Petri (1980) introduces incomplete specialization in a Ricardian model in a related
way. He observes that even ﬁnely disaggregated trade classiﬁcations may cover different products. Different countries may produce the same commodity as classiﬁed by
trade statistics, because those statistics aggregate products with different production
characteristics. Davis (1995) shows that intraindustry trade can be explained with a
hybrid Heckscher–Ohlin–Ricardo model. Consider two goods which have identical
factor intensities at any given factor prices—“perfect intraindustry goods” in Davis’s
terminology. Davis point out that Hicks-neutral differences in technologies across
countries in these goods, however small, will then dictate the pattern of specialization.
Hence, comparative advantage can have a Ricardian character and lead to intraindustry trade.
© Blackwell Publishers Ltd 2000 224 Stephen S. Golub and Chang-Tai Hsieh Technology and labor costs as the source of comparative advantage The classical
model’s focus on labor costs seems to leave out other important determinants of comparative advantage, particularly the costs of capital and of other intermediate inputs.
There are several big advantages to emphasizing the role of labor, however. First, labor
is the main nontradable primary input. Capital and natural resources are much more
mobile than labor, and as a consequence international differences in labor costs are
much greater than in other factors’ costs.4 As Jones (1980) has emphasized, for highly
mobile factors such as capital and raw materials, absolute rather than comparative
advantage becomes relevant for the location of production.5 The location of perfectly
mobile factors is endogenous and cannot be considered an independent source of comparative advantage. Similarly, Ferguson (1978) shows that comparative advantage takes
on a Ricardian character in a standard two-factor model under perfect international
capital mobility. In the special case where technological differences between countries
are due to differences in the efﬁciency of labor, Ferguson (1978) demonstrates that
relative labor productivity is the sole determinant of comparative advantage, and that
the MacDougall (1951) approach to testing comparative advantage is valid. It is true
that under some conditions capital mobility and trade may be perfect substitutes
insofar as trade results in factor-price equalization, so capital–labor ratios may determine trade patterns even under perfect capital mobility. But if there are industryspeciﬁc technological differences between countries—as emphasized in the Ricardian
model—factor prices are less likely to be equalized by trade alone. In short, international capital mobility implies that a theory of comparative advantage based on labor
costs is less circumscribed than appears at ﬁrst, although relative labor costs are the
sole determinant of comparative advantage only in special cases.

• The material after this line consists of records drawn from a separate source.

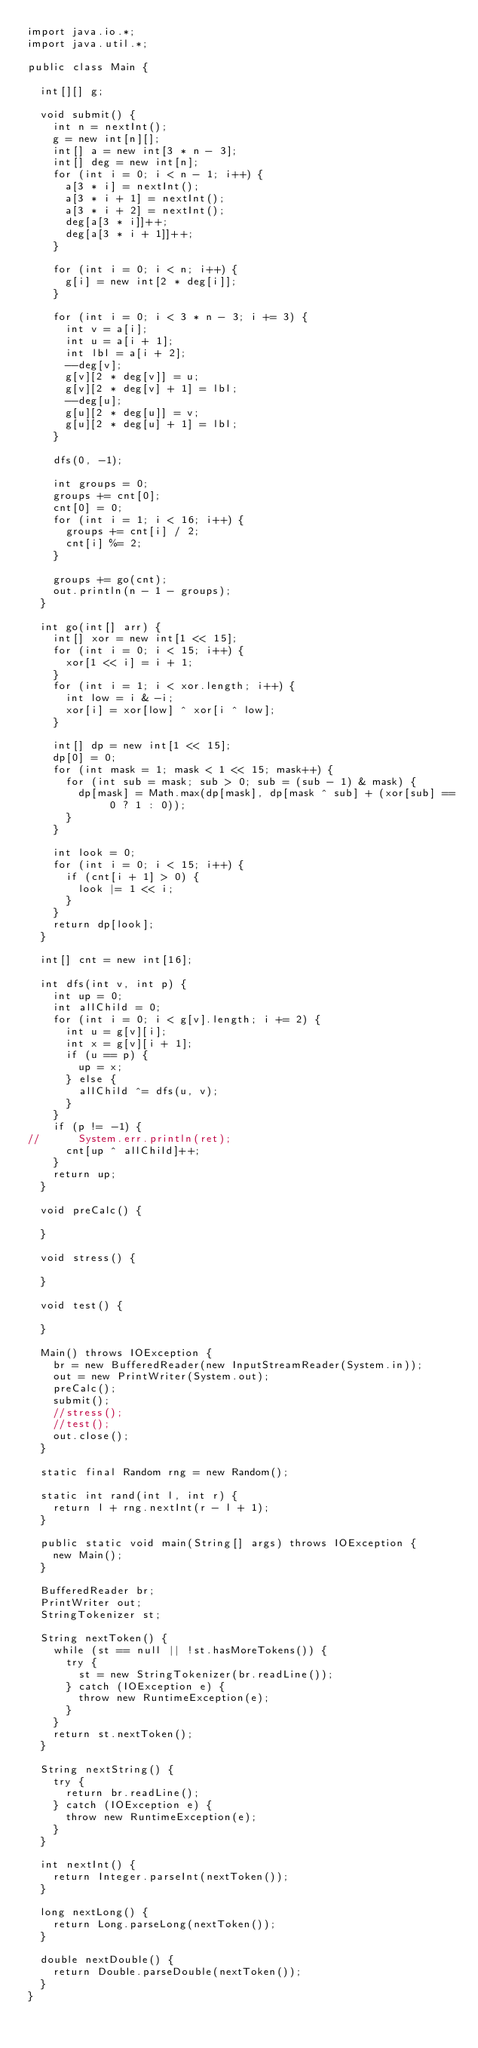Convert code to text. <code><loc_0><loc_0><loc_500><loc_500><_Java_>import java.io.*;
import java.util.*;

public class Main {
	
	int[][] g;

	void submit() {
		int n = nextInt();
		g = new int[n][];
		int[] a = new int[3 * n - 3];
		int[] deg = new int[n];
		for (int i = 0; i < n - 1; i++) {
			a[3 * i] = nextInt();
			a[3 * i + 1] = nextInt();
			a[3 * i + 2] = nextInt();
			deg[a[3 * i]]++;
			deg[a[3 * i + 1]]++;
		}

		for (int i = 0; i < n; i++) {
			g[i] = new int[2 * deg[i]];
		}

		for (int i = 0; i < 3 * n - 3; i += 3) {
			int v = a[i];
			int u = a[i + 1];
			int lbl = a[i + 2];
			--deg[v];
			g[v][2 * deg[v]] = u;
			g[v][2 * deg[v] + 1] = lbl;
			--deg[u];
			g[u][2 * deg[u]] = v;
			g[u][2 * deg[u] + 1] = lbl;
		}
		
		dfs(0, -1);
		
		int groups = 0;
		groups += cnt[0];
		cnt[0] = 0;
		for (int i = 1; i < 16; i++) {
			groups += cnt[i] / 2;
			cnt[i] %= 2;
		}
		
		groups += go(cnt);
		out.println(n - 1 - groups);
	}
	
	int go(int[] arr) {
		int[] xor = new int[1 << 15];
		for (int i = 0; i < 15; i++) {
			xor[1 << i] = i + 1;
		}
		for (int i = 1; i < xor.length; i++) {
			int low = i & -i;
			xor[i] = xor[low] ^ xor[i ^ low];
		}
		
		int[] dp = new int[1 << 15];
		dp[0] = 0;
		for (int mask = 1; mask < 1 << 15; mask++) {
			for (int sub = mask; sub > 0; sub = (sub - 1) & mask) {
				dp[mask] = Math.max(dp[mask], dp[mask ^ sub] + (xor[sub] == 0 ? 1 : 0));
			}
		}
		
		int look = 0;
		for (int i = 0; i < 15; i++) {
			if (cnt[i + 1] > 0) {
				look |= 1 << i;
			}
		}
		return dp[look];
	}
	
	int[] cnt = new int[16];
	
	int dfs(int v, int p) {
		int up = 0;
		int allChild = 0;
		for (int i = 0; i < g[v].length; i += 2) {
			int u = g[v][i];
			int x = g[v][i + 1];
			if (u == p) {
				up = x;
			} else {
				allChild ^= dfs(u, v);
			}
		}
		if (p != -1) {
//			System.err.println(ret);
			cnt[up ^ allChild]++;
		}
		return up;
	}

	void preCalc() {

	}

	void stress() {

	}

	void test() {

	}

	Main() throws IOException {
		br = new BufferedReader(new InputStreamReader(System.in));
		out = new PrintWriter(System.out);
		preCalc();
		submit();
		//stress();
		//test();
		out.close();
	}

	static final Random rng = new Random();

	static int rand(int l, int r) {
		return l + rng.nextInt(r - l + 1);
	}

	public static void main(String[] args) throws IOException {
		new Main();
	}

	BufferedReader br;
	PrintWriter out;
	StringTokenizer st;

	String nextToken() {
		while (st == null || !st.hasMoreTokens()) {
			try {
				st = new StringTokenizer(br.readLine());
			} catch (IOException e) {
				throw new RuntimeException(e);
			}
		}
		return st.nextToken();
	}

	String nextString() {
		try {
			return br.readLine();
		} catch (IOException e) {
			throw new RuntimeException(e);
		}
	}

	int nextInt() {
		return Integer.parseInt(nextToken());
	}

	long nextLong() {
		return Long.parseLong(nextToken());
	}

	double nextDouble() {
		return Double.parseDouble(nextToken());
	}
}
</code>

Second, recent comparative studies have identiﬁed large variations in sectoral labor
productivity across countries (Maskus, 1991; Caves et al., 1992; McKinsey, 1993; Dollar
and Wolff, 1993; Wolff, 1993; Van Ark and Pilat, 1993; Jorgenson, 1995). There have
been few attempts to relate these differences in relative productivities to trade ﬂows,
however, as the Ricardian model suggests.6
Table 1 illustrates the differences in productivity in manufacturing by sector for a
few of the countries studied in this paper.7 Clearly, countries differ sharply not only in
their overall productivity levels, but also in the sectoral distribution of productivity.
In particular, the careful comparisons of the United States, Japan, and Germany in
McKinsey (1993) identiﬁed sector-speciﬁc production and organizational practices as
the most important factors accounting for industry productivity differentials. This suggests that technological differences are not neutral across sectors, in contrast to
Treﬂer’s (1993, 1995) amendment of the Heckscher–Ohlin model to include neutral
technological differences. Third, as a practical matter, data on labor costs are much
more readily available than for other costs of production.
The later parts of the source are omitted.